Nodding in his direction. “You do. You grind your teeth when you’re busy and trying not to show it.”

He had to relax his jaw. Twice. Something he never let anyone else see. “How do you know I do that?”

Shrugging seemed her “go to” gesture of non-answer. Or maybe just a delay tactic. “I watch people.”

“And you watched me?”

“A bit.”

Her answers were so vague they did nothing but irritate him—and make him want to know more. “Did you drop out of school?”

“Not exactly.”

“Do you ever just answer an actual question?”

“Occasionally.” A mischievous grin lifted the corners of her mouth, but she said no more.

He had no more real information about her than when he’d stepped into the room, but he did know one thing. She had an old soul. It was all in her eyes. The depths. The pain.

And they had at least one thing in common.

A fighter’s spirit. That need to succeed, to be the best—he saw it in her. In the tightness of her jaw facing a bigger opponent. The stubborn set of her shoulders even while she was seated. Her warrior’s spirit was there, simmering below the surface.
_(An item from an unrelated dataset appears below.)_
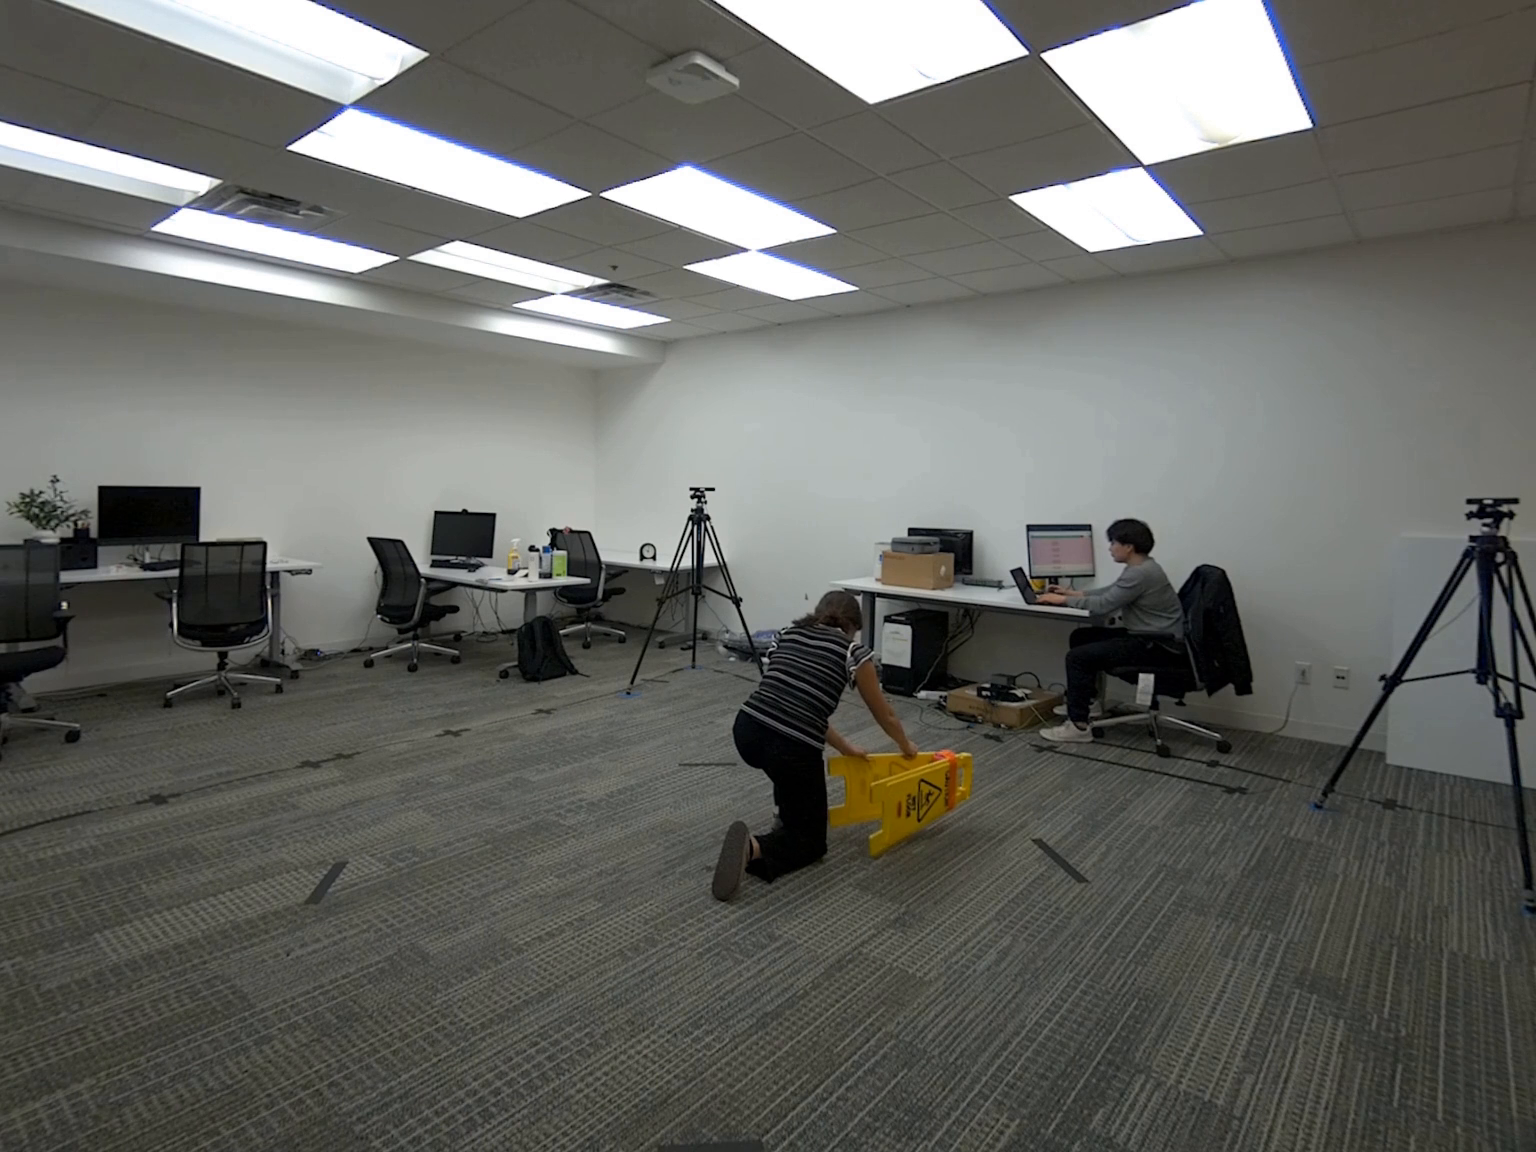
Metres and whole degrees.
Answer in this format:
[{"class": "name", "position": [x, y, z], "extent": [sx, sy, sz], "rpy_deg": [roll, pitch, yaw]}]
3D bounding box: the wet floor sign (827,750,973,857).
[{"class": "wet floor sign", "position": [0.579, 0.871, 3.444], "extent": [0.630, 0.280, 0.299], "rpy_deg": [-4, 9, -29]}]

Whether she used her drive to take down her dragons or to simply build walls around herself and shut out the world, he didn’t know.
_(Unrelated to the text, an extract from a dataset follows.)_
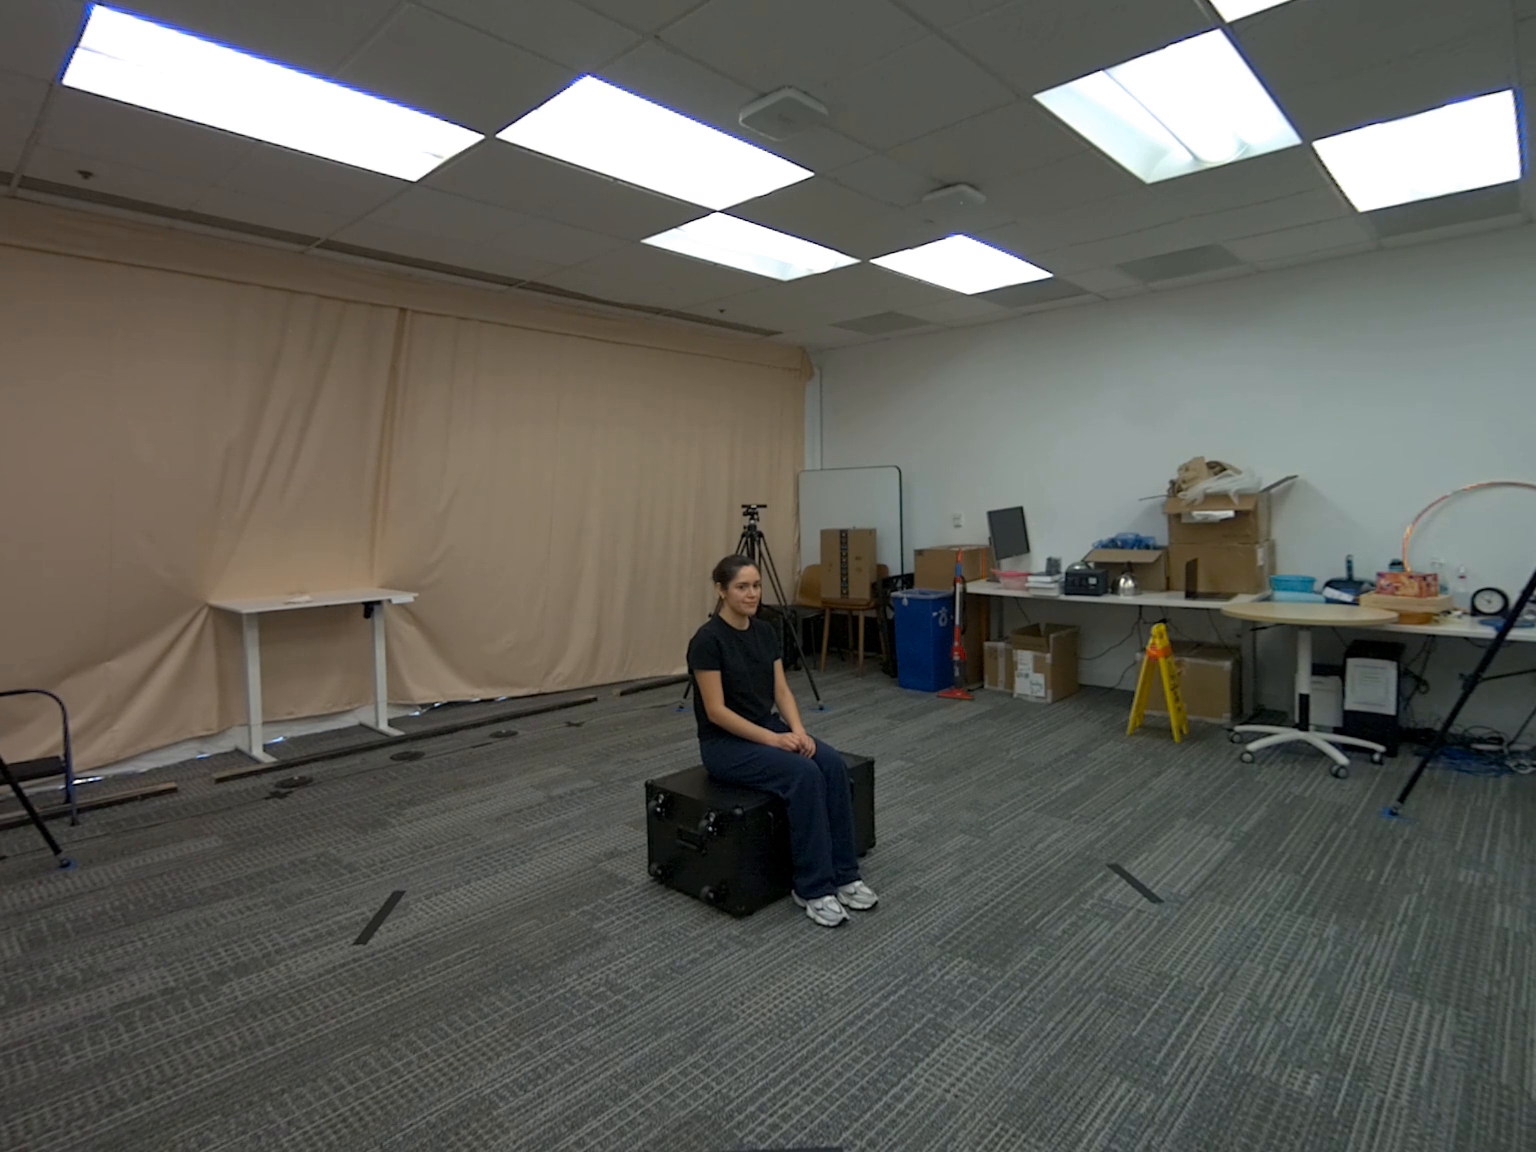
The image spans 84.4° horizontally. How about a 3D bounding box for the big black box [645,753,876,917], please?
[{"bbox_3d":[-0.024,0.932,3.216,0.538,0.395,0.835,2,5,43],"label":"big black box"}]

“Is this the ‘stay in school and don’t do drugs’ portion of tonight’s event? Cause I’ve heard the speeches and read the pamphlets.”
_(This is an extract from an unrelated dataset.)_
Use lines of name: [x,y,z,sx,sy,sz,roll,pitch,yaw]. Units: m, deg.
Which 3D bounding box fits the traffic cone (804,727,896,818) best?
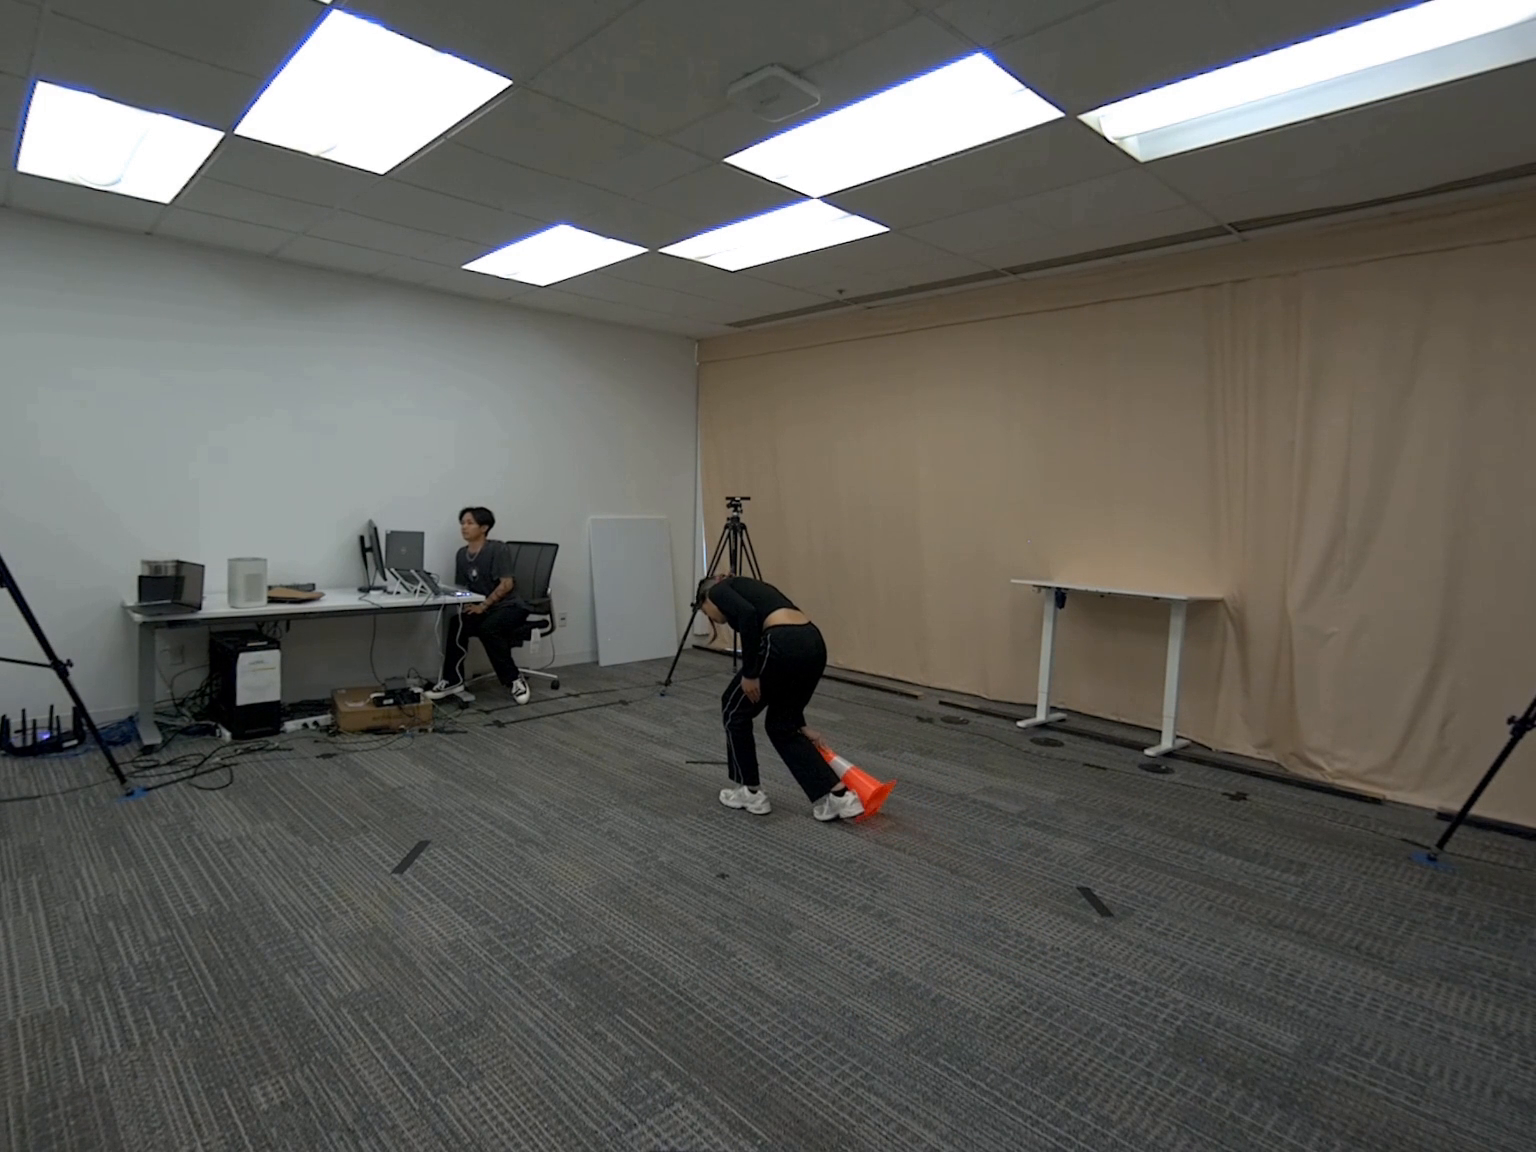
traffic cone: [0.334,0.882,3.798,0.395,0.202,0.200,39,25,32]

Oh. And the attitude of a fighter. She had that, too.

He’d probably have to shovel it out of his office after he kicked her out.

“If you think an education is so beneath you, then what do you think is important?”

“To be the biggest, baddest, strongest chick in the ring so I can fight anybody. Everybody. And win.”

“You don’t need any of those things.”

Lifting an eyebrow, she stared at him with a bless-your-little-heart look.

“I’m not saying some smart fat-ass dude who’s been gorging himself on Ho-Hos and Coke for twenty years could come in and kick ass.”

She rolled her eyes. “Thank goodness.”

“What I am saying is, yes, you have to be in good shape. You have to eat right and work out a hell of a lot, but those things will only get you so far.”

“And the next step is…”

She hissed at the last word, and he ground his teeth for a reason other than his busy schedule. “Being smart is what you need. That’s what makes a great fighter. Training, being healthy can only get you to a certain level. Intelligence and cunning are the only two things that make a good fighter a legend.”

“But part of that still comes down to training.”

“So you think if I trained you for a year...”

Her eyes lit up.

“Which I’m
not
doing. If I put you in a ring with a dummy and taught you how to move, could you win every match no matter who you fought?”

“No. Hand-to-hand real fights are the only way to really learn. And,” she got louder as he opened his mouth to cut her off. “Studying your opponents—”

“Studying. Did you catch that word leaving your mouth?”

“Yes,” she grumbled.

“You have to be able to anticipate your opponent’s next move, counter it and gain your advantage. Being smart is everything in this sport. Hell, any sport. Ours just has a very steep learning curve if you fail.”